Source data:
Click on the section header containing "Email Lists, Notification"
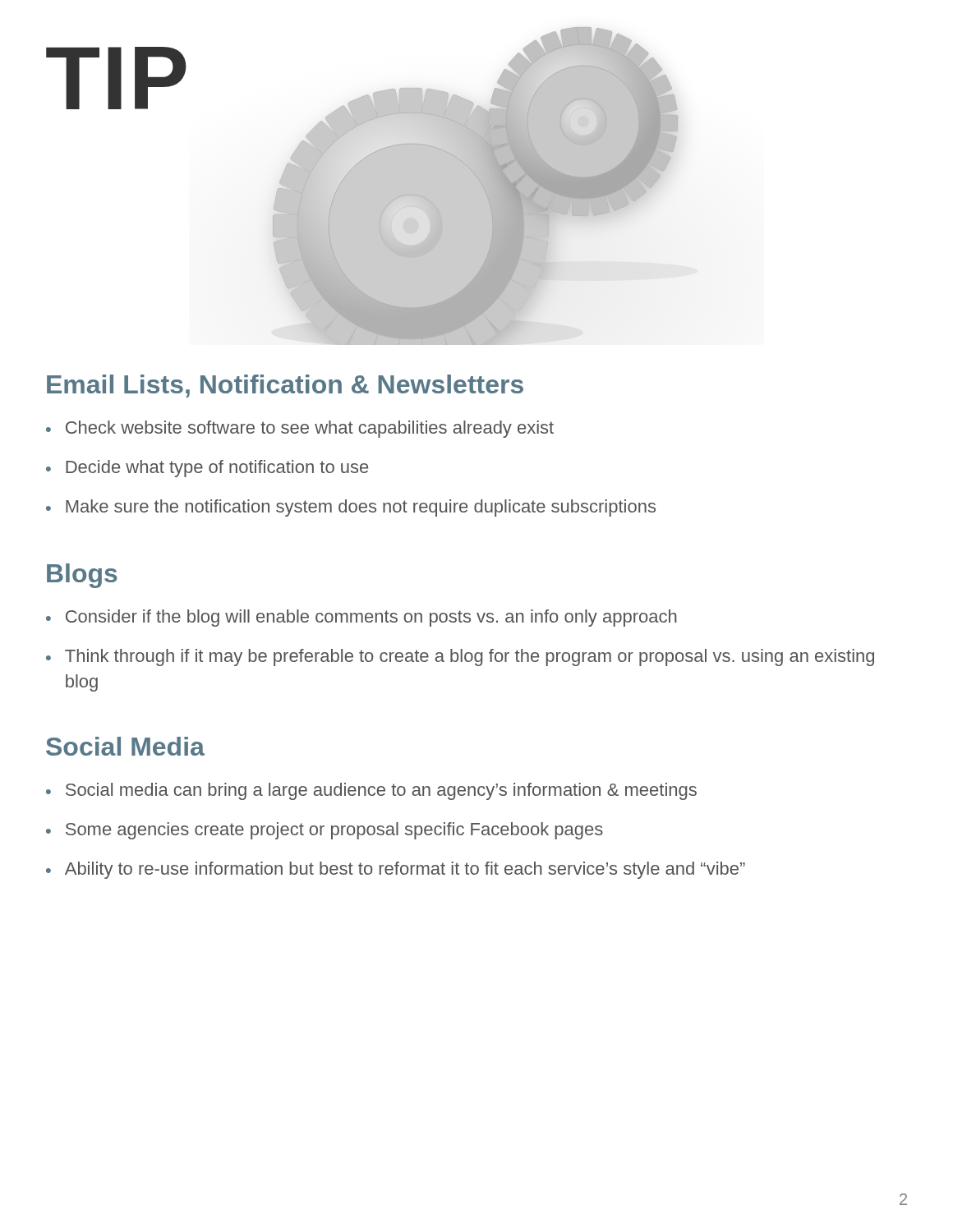This screenshot has width=953, height=1232. pos(285,384)
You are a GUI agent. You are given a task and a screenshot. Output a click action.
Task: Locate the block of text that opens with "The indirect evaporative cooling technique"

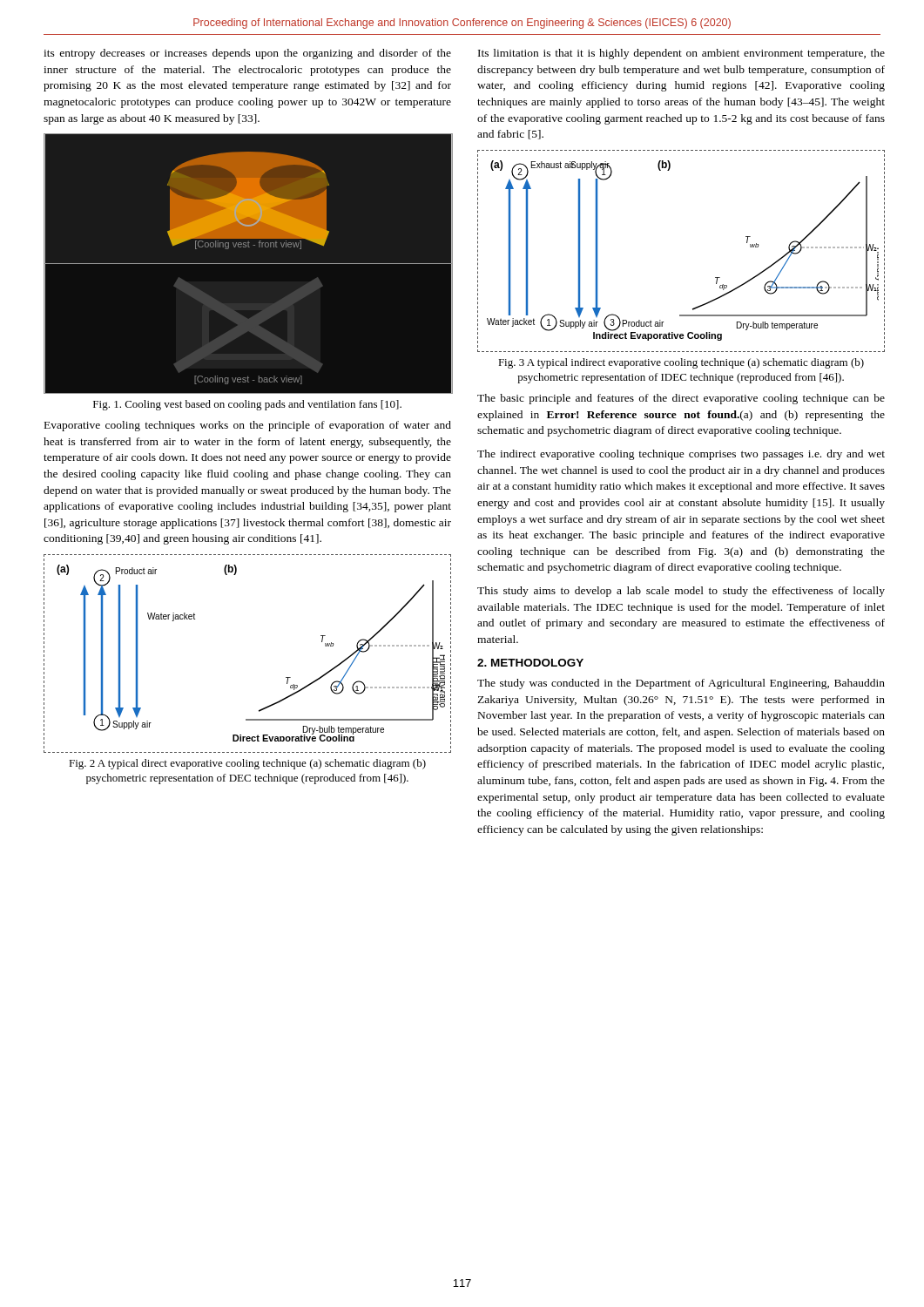tap(681, 510)
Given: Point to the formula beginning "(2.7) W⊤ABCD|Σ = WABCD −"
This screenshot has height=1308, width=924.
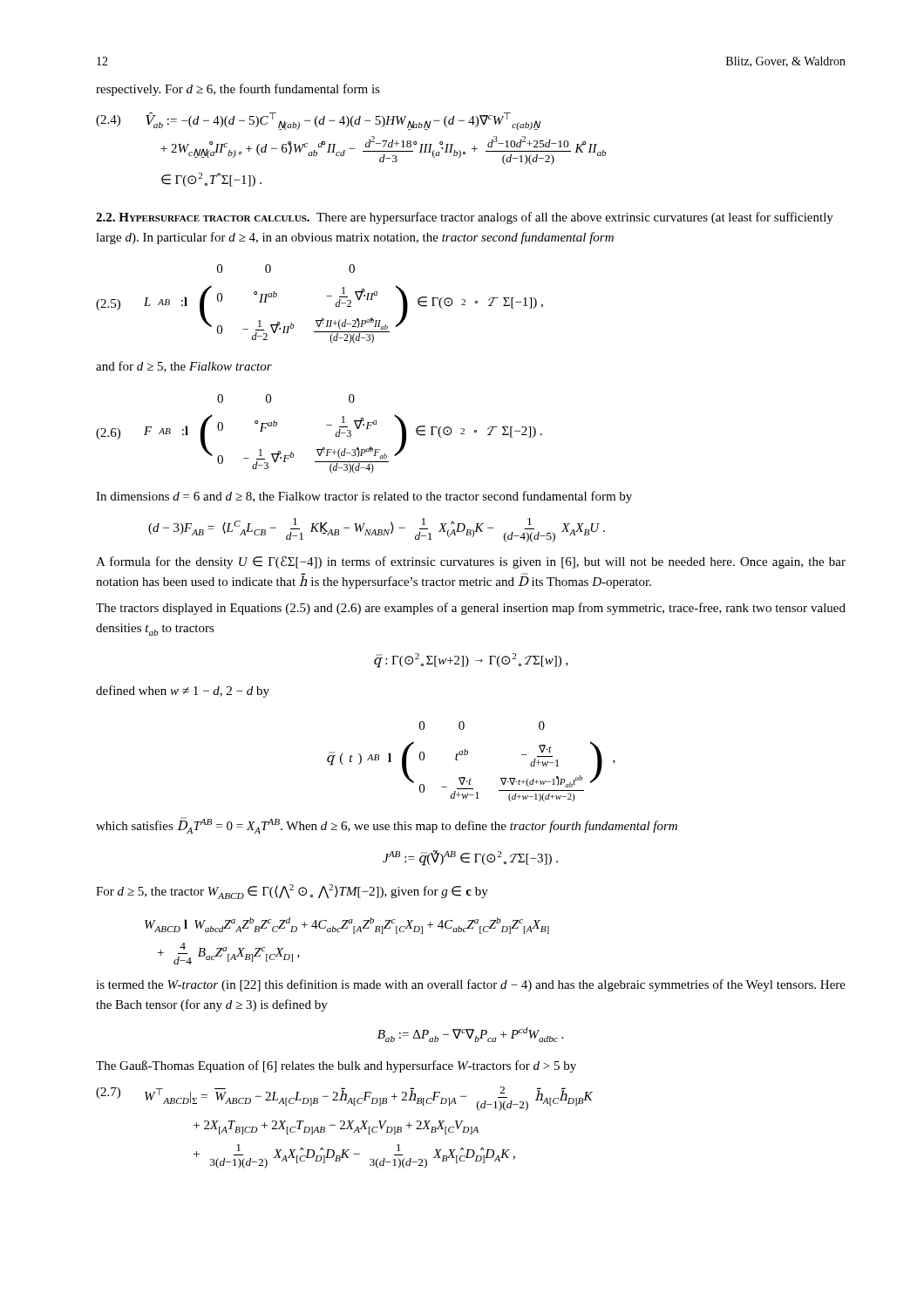Looking at the screenshot, I should [x=471, y=1126].
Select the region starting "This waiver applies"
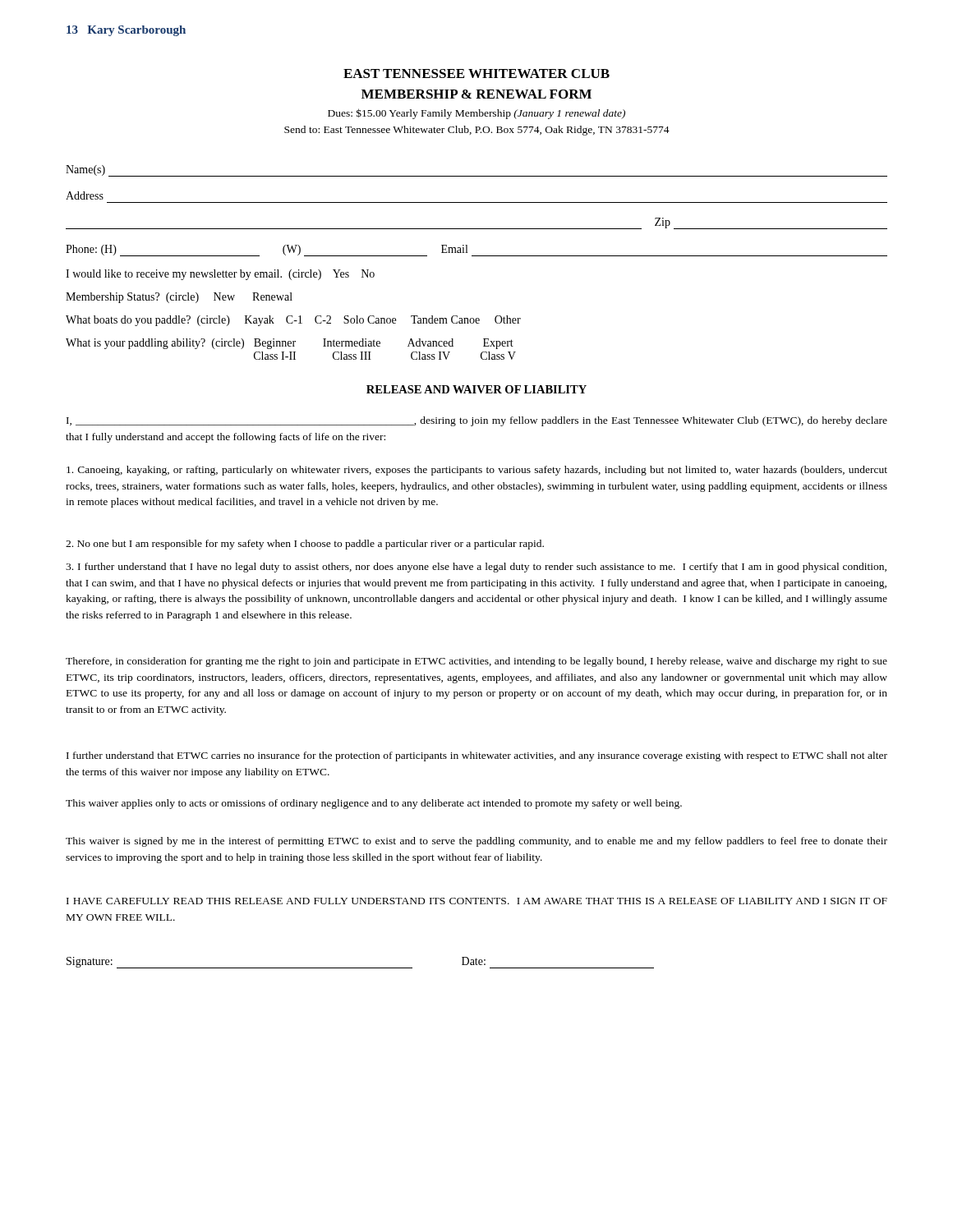953x1232 pixels. [374, 803]

■ **Brief**: Could you transcribe exactly the lines from the line containing "Task: Locate the" through the final line of the records, both included, and nothing beyond them? The pictures should be left out.

■ **Task output**:
Task: Locate the block of text that opens with "The indirect evaporative cooling technique"

tap(681, 510)
Given: Point to the formula beginning "(2.7) W⊤ABCD|Σ = WABCD −"
This screenshot has height=1308, width=924.
Looking at the screenshot, I should [x=471, y=1126].
Select the region starting "This waiver applies"
953x1232 pixels. [374, 803]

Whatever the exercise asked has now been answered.